In contrast to the difficulties with the preparation of tris-cyclometalated iridium complexes, an alternative synthesis approach is based on incorporating ancillary ligands such as acetylacetonates (cf. Figure 4), picolinates, triazolates, tetrazolates or quinolinolates [65–67]. Although the preparation of heteroleptic iridium(III) compounds starts, again, from the corresponding μ-chloro bridged precursor materials, the subsequent bridge-splitting step is clearly facilitated giving the products in better or even quantitative yields. However this is a distinct advantage, only few successful examples of heteroleptic iridium compounds with emission properties dominated by these ligands have been reported [65]. Thus, color-tuning is usually achieved by changing the nature of the cyclometalating ligand but, on the other hand, requires the synthesis of different precursors [55, 68]. Nevertheless this is considered to be a significant drawback of this approach, many heteroleptic iridium complexes bearing ancillary ligands exhibit very desirable materials properties such as high quantum yields even at room temperature or good thermal stabilities providing the possibility of vacuum deposition processes. As a consequence, they are frequently used as phosphorescent dopants in OLEDs [68–70].

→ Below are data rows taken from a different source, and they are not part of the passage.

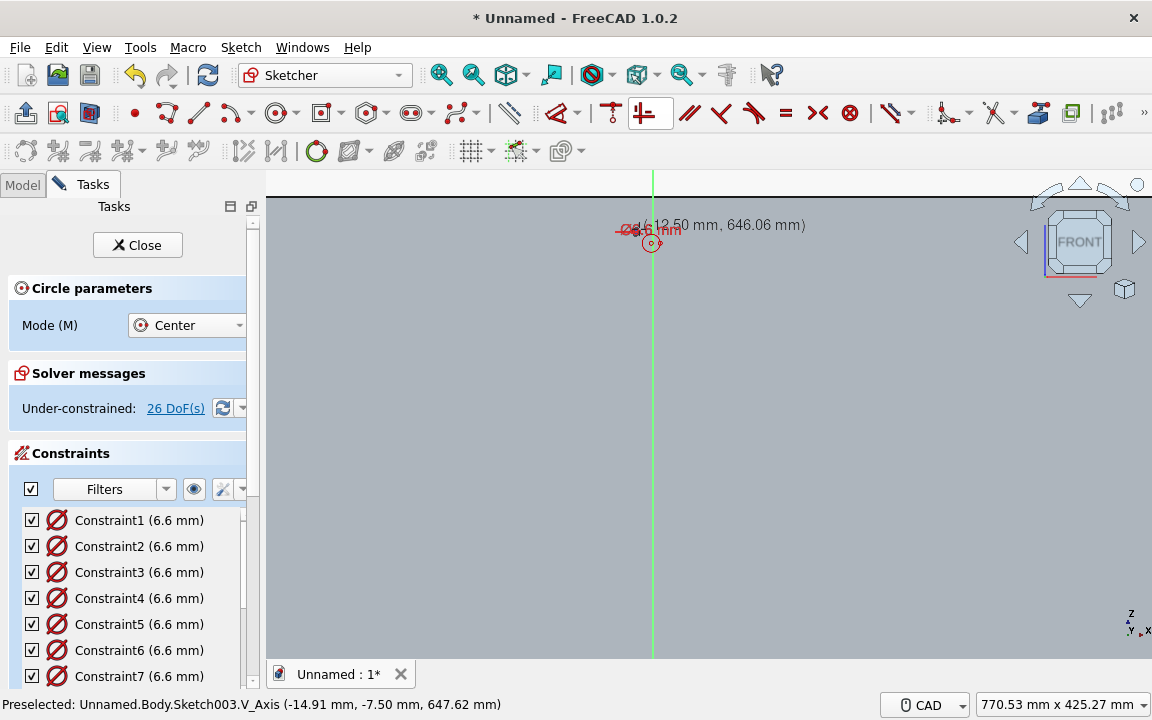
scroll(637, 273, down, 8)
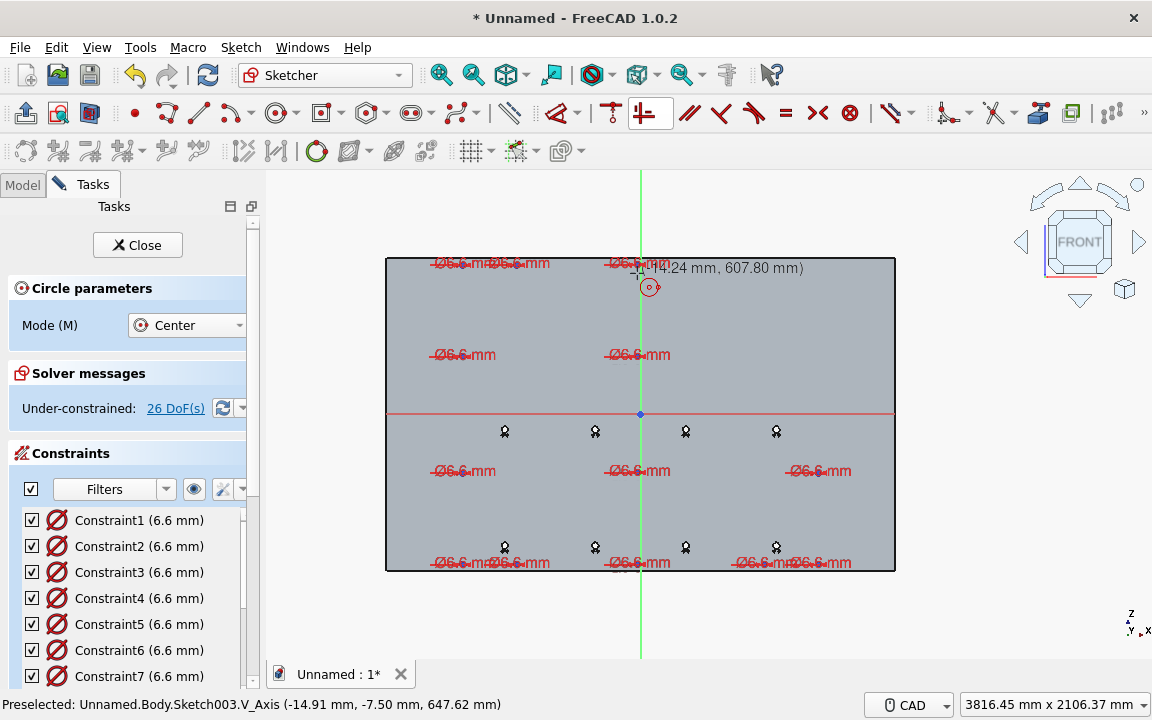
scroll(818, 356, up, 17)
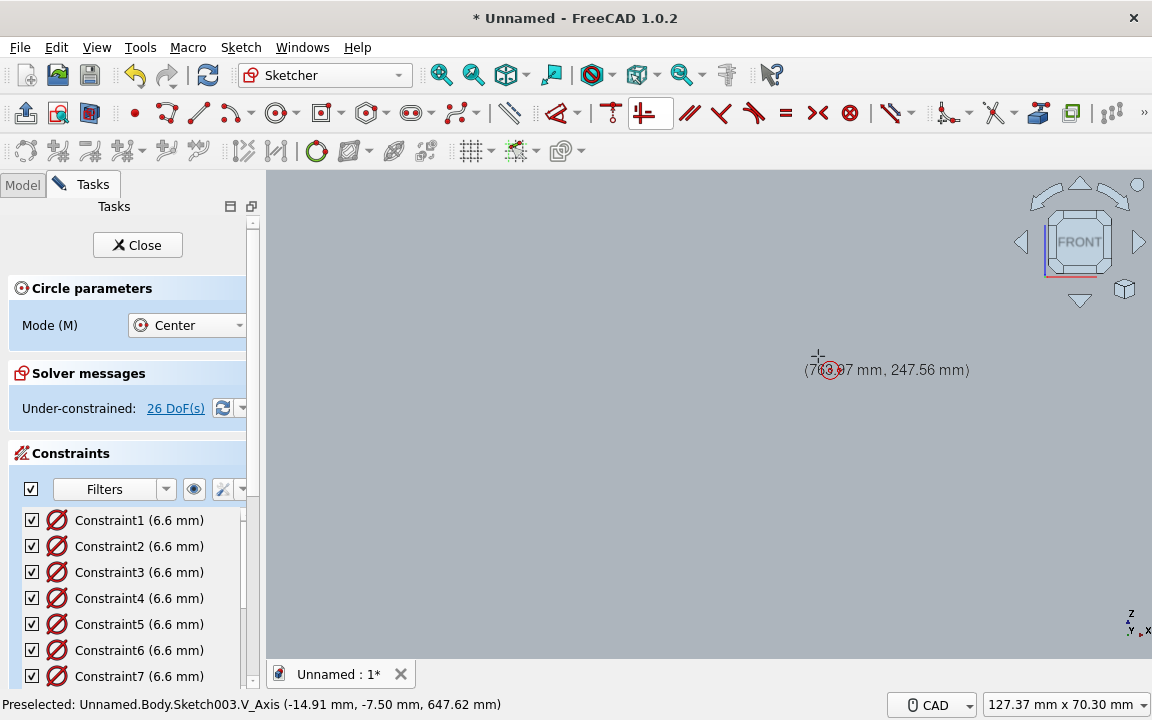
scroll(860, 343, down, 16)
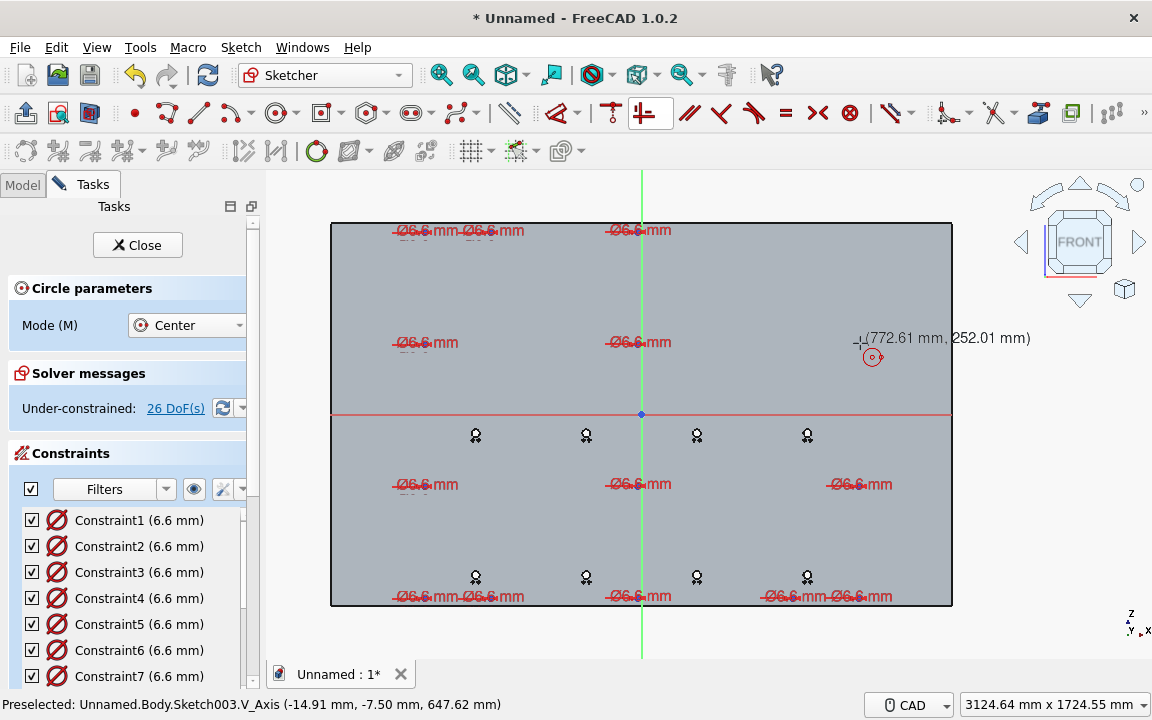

Tuning of the photophysical properties of iridium(III) complexes has received considerable attention because of a series of practical applications such as flat-panel displays. Even though numerous organoiridium compounds have been reported giving efficient electroluminescence in the red [68], green [55] and blue spectral region [71–77], further scientific efforts are necessary to provide a general toolbox for realizing iridium compounds with absorption and emission characteristics tailored towards particular needs [53, 78]. In this context, numerous reports on the synthesis and photophysical characterization of novel iridium(III) complexes have been published [53, 55, 78], but also quantum mechanical calculations are becoming more and more important in the design of phosphorescent emitter materials [79–83].

The absorption and emission spectra of phosphorescent metal complexes are in general influenced by various parameters such as the valence electron configuration at the metal, the type of the electronic transitions or the correlation among lower lying electronic excited states [78]. Similar to fluorescent small molecules also the photophysical behavior of transition metal complexes can be properly described with molecular orbitals, however, the performance of accurate quantum mechanical calculations is far more complicated [79]. Nevertheless, it has been shown that frontier molecular orbitals are not equally delocalized in heavy metal complexes resulting in different electronically excited states [78].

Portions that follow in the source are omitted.